Exercise
Reproduce exactly, and only, the lines below from the one containing "- machine part [242,328,312,429]" through the one containing "- toy scooter [262,292,279,337]".

Record set
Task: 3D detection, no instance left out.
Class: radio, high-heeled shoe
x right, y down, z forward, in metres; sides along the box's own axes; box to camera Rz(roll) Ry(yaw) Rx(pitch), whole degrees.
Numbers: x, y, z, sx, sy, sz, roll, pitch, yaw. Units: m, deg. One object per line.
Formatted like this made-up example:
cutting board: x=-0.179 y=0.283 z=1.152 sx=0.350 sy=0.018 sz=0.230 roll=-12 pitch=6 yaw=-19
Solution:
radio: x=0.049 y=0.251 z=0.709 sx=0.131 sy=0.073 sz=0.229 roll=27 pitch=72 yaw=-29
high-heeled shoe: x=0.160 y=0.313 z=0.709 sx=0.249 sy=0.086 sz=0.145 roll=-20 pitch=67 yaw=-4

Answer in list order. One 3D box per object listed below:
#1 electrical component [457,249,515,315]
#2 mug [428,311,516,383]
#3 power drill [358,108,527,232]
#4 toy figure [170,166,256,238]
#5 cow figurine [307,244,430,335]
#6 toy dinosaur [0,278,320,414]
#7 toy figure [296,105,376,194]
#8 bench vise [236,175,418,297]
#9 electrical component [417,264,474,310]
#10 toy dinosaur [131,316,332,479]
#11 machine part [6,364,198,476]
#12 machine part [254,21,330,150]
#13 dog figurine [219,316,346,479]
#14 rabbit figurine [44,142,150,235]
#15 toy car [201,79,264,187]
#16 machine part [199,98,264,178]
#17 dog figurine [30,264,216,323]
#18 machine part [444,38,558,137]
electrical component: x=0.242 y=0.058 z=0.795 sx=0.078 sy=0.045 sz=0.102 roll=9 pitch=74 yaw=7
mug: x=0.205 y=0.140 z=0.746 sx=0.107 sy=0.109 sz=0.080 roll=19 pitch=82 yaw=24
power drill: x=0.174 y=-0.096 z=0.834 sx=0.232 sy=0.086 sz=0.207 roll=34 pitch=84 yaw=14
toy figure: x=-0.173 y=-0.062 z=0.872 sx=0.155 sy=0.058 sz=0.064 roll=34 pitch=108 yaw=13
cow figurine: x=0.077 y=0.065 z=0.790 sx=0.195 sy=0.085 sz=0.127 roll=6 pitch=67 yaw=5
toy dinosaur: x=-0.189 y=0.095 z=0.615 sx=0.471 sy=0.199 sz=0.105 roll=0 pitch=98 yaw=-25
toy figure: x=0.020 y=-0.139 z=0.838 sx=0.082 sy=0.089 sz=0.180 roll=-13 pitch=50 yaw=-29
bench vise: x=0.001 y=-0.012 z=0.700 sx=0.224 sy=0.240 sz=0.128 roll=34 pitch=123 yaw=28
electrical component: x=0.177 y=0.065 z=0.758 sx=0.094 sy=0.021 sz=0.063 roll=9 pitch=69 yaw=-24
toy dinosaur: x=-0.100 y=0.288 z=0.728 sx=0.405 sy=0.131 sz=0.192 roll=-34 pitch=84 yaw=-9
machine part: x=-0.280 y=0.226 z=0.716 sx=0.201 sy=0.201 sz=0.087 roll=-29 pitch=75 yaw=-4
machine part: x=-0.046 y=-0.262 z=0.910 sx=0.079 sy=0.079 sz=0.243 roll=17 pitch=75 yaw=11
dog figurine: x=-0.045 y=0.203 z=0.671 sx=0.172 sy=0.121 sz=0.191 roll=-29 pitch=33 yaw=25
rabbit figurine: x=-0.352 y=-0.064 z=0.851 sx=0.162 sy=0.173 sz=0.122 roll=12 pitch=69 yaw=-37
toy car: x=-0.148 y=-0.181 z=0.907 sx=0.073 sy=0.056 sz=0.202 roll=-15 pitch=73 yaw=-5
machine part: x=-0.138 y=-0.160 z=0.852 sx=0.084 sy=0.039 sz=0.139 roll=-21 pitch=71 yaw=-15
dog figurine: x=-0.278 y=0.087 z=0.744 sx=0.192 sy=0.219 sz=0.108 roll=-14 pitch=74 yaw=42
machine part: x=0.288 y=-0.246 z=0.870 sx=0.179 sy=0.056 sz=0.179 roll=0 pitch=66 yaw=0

...

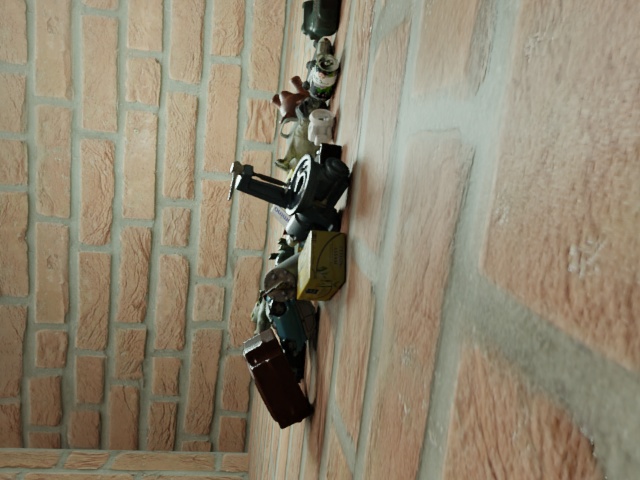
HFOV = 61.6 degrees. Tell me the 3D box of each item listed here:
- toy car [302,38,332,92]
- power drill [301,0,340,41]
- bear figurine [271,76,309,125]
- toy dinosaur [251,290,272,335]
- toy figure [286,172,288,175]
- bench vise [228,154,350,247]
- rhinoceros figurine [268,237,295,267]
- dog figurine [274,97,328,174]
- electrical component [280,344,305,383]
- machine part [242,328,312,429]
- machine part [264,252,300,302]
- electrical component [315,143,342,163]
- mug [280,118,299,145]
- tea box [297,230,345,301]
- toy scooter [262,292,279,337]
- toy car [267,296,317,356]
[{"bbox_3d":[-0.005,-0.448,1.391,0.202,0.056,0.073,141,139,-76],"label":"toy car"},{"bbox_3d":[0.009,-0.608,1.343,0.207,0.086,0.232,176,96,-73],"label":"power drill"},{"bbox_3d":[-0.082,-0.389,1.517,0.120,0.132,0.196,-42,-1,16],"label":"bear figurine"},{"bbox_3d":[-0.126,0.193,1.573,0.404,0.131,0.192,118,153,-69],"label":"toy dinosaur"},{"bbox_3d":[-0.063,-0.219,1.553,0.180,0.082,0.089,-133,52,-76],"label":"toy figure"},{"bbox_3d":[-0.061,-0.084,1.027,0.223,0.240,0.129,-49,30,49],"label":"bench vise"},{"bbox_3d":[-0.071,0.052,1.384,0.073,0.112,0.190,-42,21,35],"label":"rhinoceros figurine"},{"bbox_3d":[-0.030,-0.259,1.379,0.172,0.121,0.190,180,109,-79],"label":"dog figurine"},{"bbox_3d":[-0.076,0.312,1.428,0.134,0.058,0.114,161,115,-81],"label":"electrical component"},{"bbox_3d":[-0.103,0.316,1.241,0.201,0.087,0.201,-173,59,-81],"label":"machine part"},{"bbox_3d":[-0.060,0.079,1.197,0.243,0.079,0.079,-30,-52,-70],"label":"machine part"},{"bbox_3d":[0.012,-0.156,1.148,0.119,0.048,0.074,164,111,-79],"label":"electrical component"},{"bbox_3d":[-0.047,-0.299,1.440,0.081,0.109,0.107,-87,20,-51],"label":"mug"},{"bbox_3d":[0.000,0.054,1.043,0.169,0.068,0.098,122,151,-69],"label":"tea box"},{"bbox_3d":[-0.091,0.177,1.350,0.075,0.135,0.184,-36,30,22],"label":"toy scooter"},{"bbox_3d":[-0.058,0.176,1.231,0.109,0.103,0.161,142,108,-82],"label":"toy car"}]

==

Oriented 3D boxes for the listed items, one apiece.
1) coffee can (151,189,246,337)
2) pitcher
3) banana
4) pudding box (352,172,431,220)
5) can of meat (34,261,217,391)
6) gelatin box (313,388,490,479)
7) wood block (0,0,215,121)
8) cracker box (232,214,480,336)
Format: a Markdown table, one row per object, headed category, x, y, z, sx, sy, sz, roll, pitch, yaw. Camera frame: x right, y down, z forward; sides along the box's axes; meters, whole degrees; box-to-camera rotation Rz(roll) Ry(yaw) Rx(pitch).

Answer below
- machine part [242,328,312,429]
- machine part [264,252,300,302]
- electrical component [315,143,342,163]
- mug [280,118,299,145]
- tea box [297,230,345,301]
- toy scooter [262,292,279,337]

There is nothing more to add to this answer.